4. Make good use of association

According to the market reaction, Lenovo should be launched for short-term benefits. Mainstream leading stocks will be quickly pulled to the daily limit by hot money, and short-term experts often can't catch up. At this time, Lenovo can bring you unexpected surprises. Through Lenovo, which speculative futures are closely related to the mainstream leading stocks in the market? Lenovo is not only suitable for short, medium and long-term linkage, but also can choose to invest in the same sector.

5. learn to be short.

Some people are very good at using funds for short-term operations to chase up and down, and sometimes they can get high returns, but it is difficult for retail investors to look at the market every day and track hot spots every day. Therefore, in futures operation, we should not only buy futures in the upward trend, but also learn to short. When we feel that futures are difficult to operate and hot spots are difficult to grasp, most futures have plummeted, and speculative futures have not increased much, but when futures on the decline list have plummeted, we need to consider short positions.

6. The plunge is an opportunity

The plunge is divided into a market plunge and a stock plunge. A plunge often brings opportunities. The plunge is often caused by major negative or accidental events. The plunge at the relatively high point of the market should be treated with caution, but for the plunge after the big rise, we should choose to speculate in futures.

Analysis of Four Misunderstandings

The signatory of the contract is an individual, not a futures fund-raising company.

Customers often ask this question: Why did you sign the contract with me in my own name, not the company? To put it simply, in fact, the contract signed by capital allocation belongs to a kind of private lending. As a private lending behavior, it is legal and effective and protected by law. Lending between individuals has always existed and is not illegal. Please refer to the Legal Provisions on Private Lending for the legal provisions on private lending. Therefore, in the process of matching funds with customers, the contracts signed are all signed by individuals. The signatory of the contract is generally the person in charge or legal person of the futures fund-raising company.

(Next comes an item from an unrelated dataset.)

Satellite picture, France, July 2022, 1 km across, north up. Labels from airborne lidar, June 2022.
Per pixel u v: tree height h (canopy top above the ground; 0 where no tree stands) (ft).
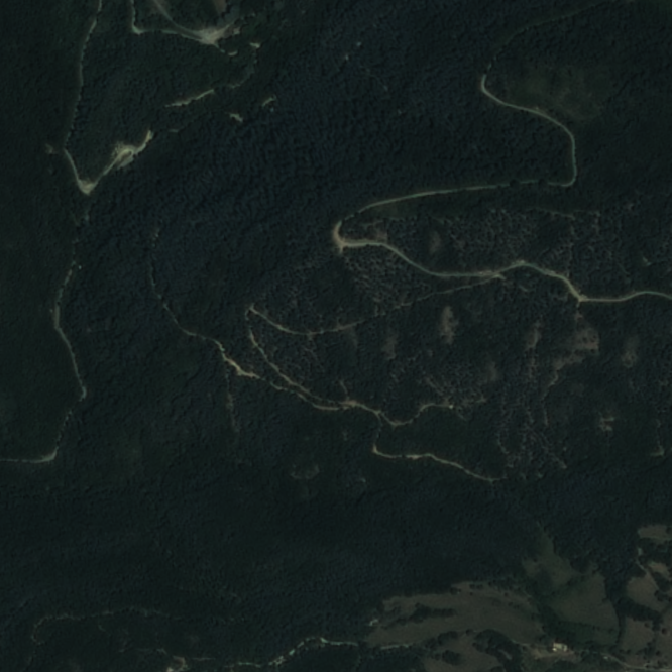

The comprehensive management fee is paid when signing the contract, not at the end of the month.

At present, the agreements of some fund-raising companies also stipulate when the distribution fee will be paid, but many fund-raisers still think that the management fee will be paid at the end of the month, but this idea is wrong. Investors are reminded that regular fund-raising companies will have a set of systematic financial processes. When the funds are handed over to the fundraiser, the accounts need to be settled in a unified way. If the fundraiser lags behind, it will not be able to guarantee the normal capital flow and risk accounting of the risk control manager's account. Therefore, the friends who funded the fund remember that the comprehensive management fee was paid when signing the contract.

The temptation of high proportion leverage

When the capital allocation ratio of 1: 10 is common in this industry, more radical companies put forward this staggering high ratio of 1: 100. If the customer makes a profit, that's fine, but if the market environment is not good and the account is forced to stop by the wind controller, then the customer's funds may be wiped out. Any kind of investment is not a gambling tool. Similarly, capital allocation is not for you to operate with this mentality, so this gambler-style capital allocation is absolutely not desirable.

The contract fee is hidden.

There are two main ways to regulate the charges of futures fund-raising companies, one is the monthly management fee, and the other is the fee spread. However, at present, some fund-raising companies will charge other fees besides these two items, and they are all hidden in the contract. Therefore, when you make a capital allocation, you must carefully look at it one by one and clearly define the responsibilities and obligations of both parties. It is not too late to sign it again. Our charging method is based on the first method, that is, we only charge management fees (no free funds from customers), and there are no other hidden charges.